Se trata de que las piezas cambien y se transformen de acuerdo con lo que hacen o cómo son quienes las ven, las oyen, las respiran, las tocan y las caminan.

“Lo que prima en estas obras no es tanto un discurso histórico, formal o político, sino las pequeñas relaciones que se pueden establecer en un espacio expositivo ante una obra que se presenta al público con condiciones excéntricas de audición, de interacción o de edición; las obras tienden a ser pequeños universos con unas condiciones. Habrá quien se interese por saber cómo funcionan y otros las verán sólo como un fenómeno, y eso está bien”, dice el artista nacido en el DF en 1967 y quien fue representante oficial de México en la Bienal de Venecia de 2007.

Acompañado por 10 personas que trabajan con él en Montreal, Canadá, más el personal del Museo Universitario de Arte Contemporáneo (MUAC), donde hoy a las 19 horas inaugurará la exposición, Rafael Lozano-Hemmer ha realizado en las últimas semanas el montaje de la muestra que dista de ser la puesta tradicional de colocar las obras para esperar al público; más bien hay aquí todo un trabajo de programación matemática, de cientos de cámaras, computadoras, bocinas y luces; todo pensado precisamente para que el público pueda responder a esas invitaciones que le plantea cada una de las obras.

“Me interesa la idea de que las obras recaudan algo efímero de nuestro aliento, de nuestra presencia, nuestro corazón, nuestros signos vitales. Es una forma de que la exposición quede personalizada por el público”.

Algoritmos, programación y vigilancia; así como las manifestaciones de los sentidos en distintos medios y tecnologías forman parte de esta exposición que confronta al espectador a asumir una actitud participativa frente al arte.

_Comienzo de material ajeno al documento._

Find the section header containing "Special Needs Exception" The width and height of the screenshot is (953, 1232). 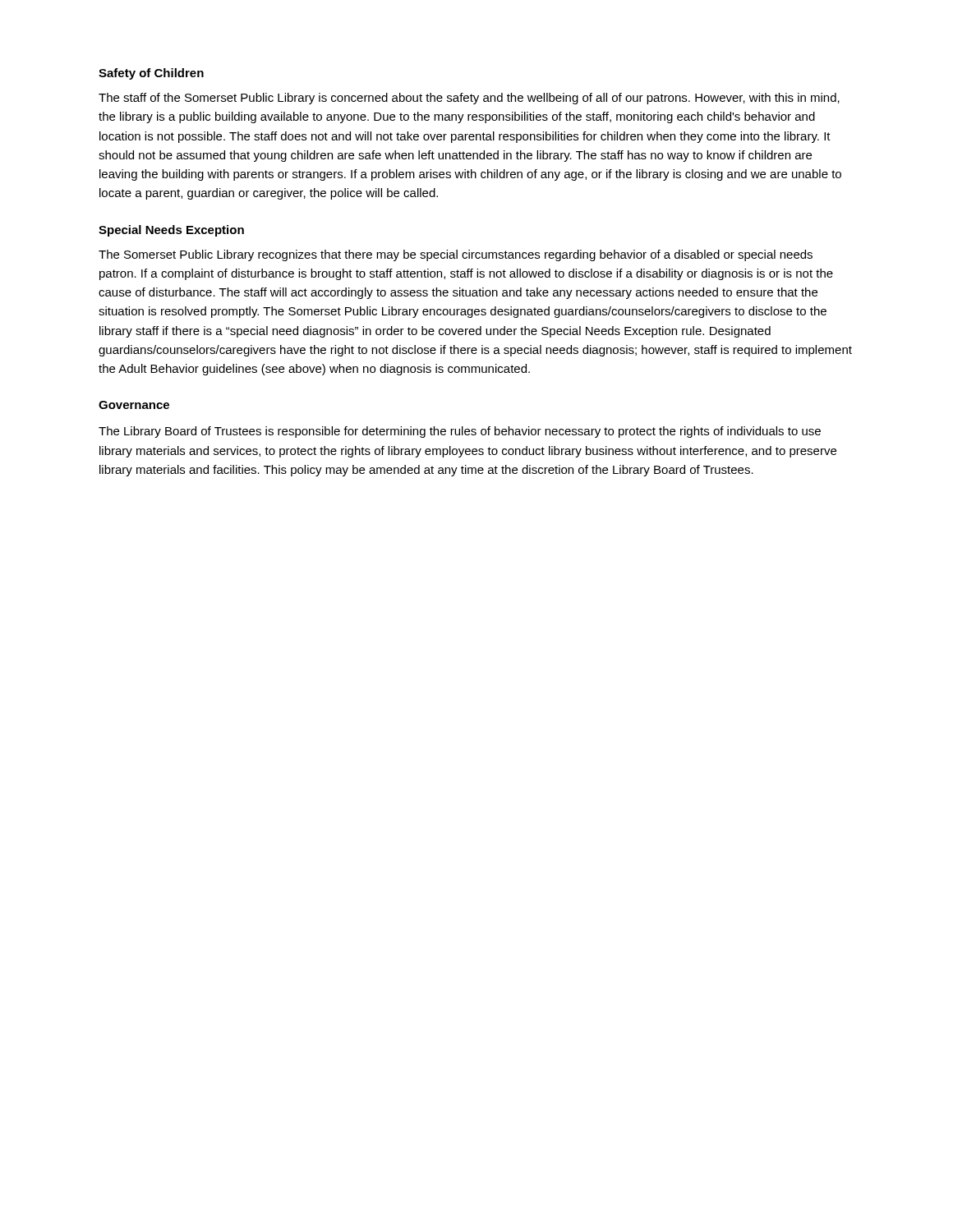click(171, 229)
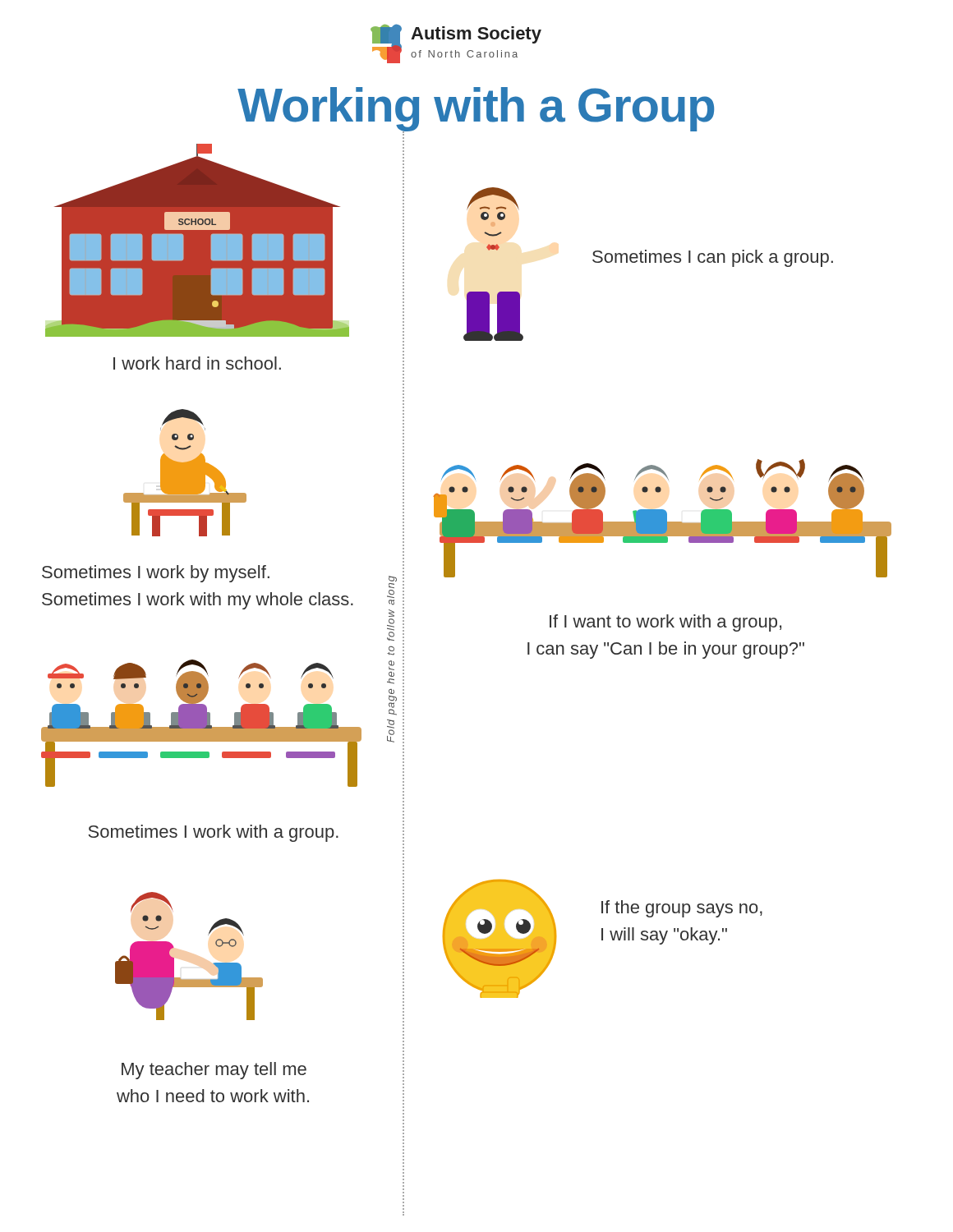This screenshot has width=953, height=1232.
Task: Find the text containing "I work hard in school."
Action: click(x=197, y=363)
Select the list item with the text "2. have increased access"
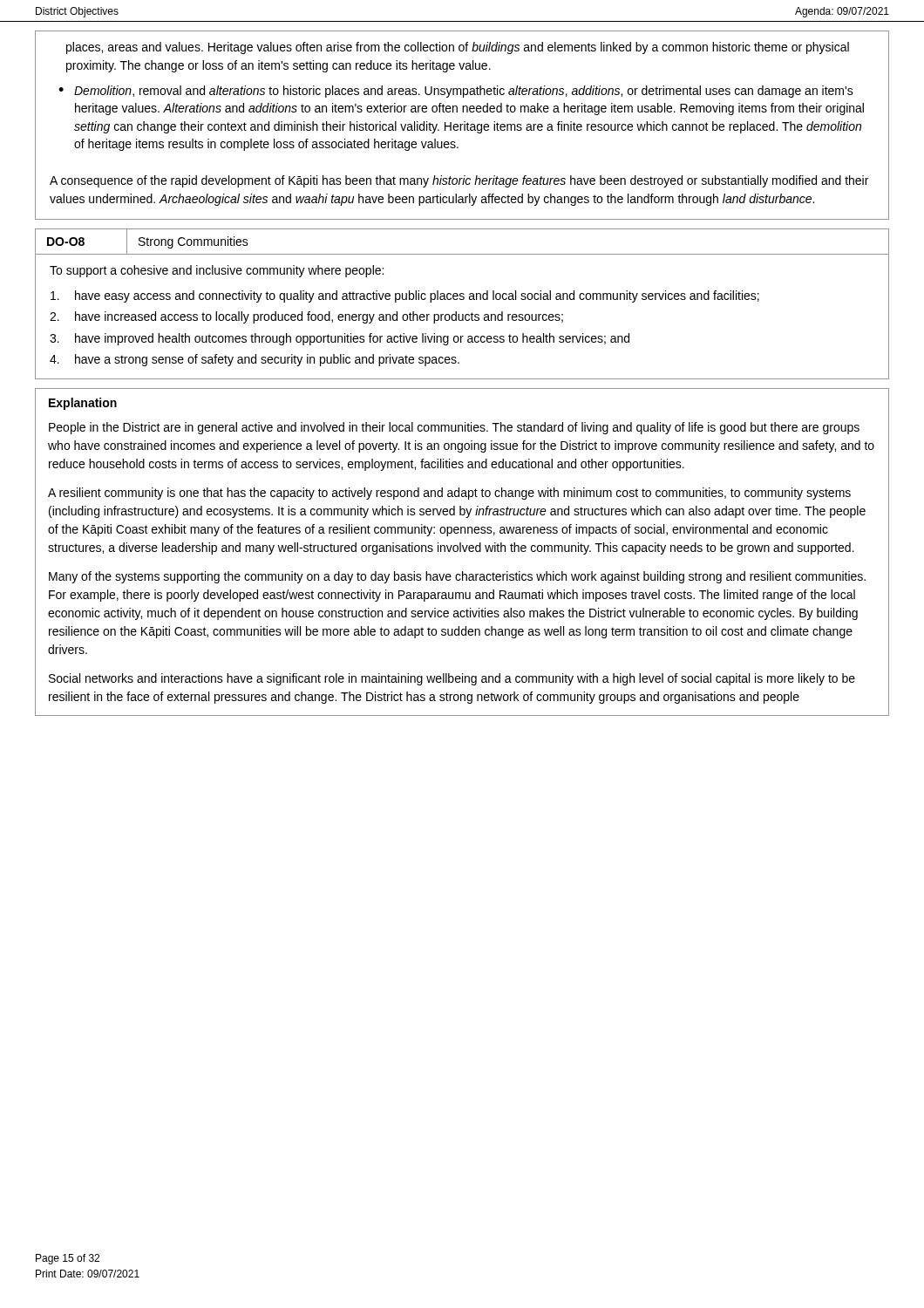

“No es retrospectiva, es un panorama con unos conceptos particulares. Somos bastante prolíficos, muchas piezas se quedaron fuera. Tengo dos líneas de trabajo: arte público y arte para fundaciones o museos; esta es la más grande para un museo o fundación. No siento que esas dos líneas se excluyan. Muchas veces los mismos dispositivos, tecnologías, conceptos, se aplican a intemperie o en espacios cerrados”.

Previo a la inauguración de la exposición (curada por José Luis Barrios y Alejandra Labastida), habrá, a las
17 horas de hoy, una conferencia de Rafael Lozano-Hemmer en el auditorio del MUAC: “Antimonumentos y Subesculturas”, en la que hace un repaso panorámico de la obra de arte público que viene desarrollando desde hace 20 años.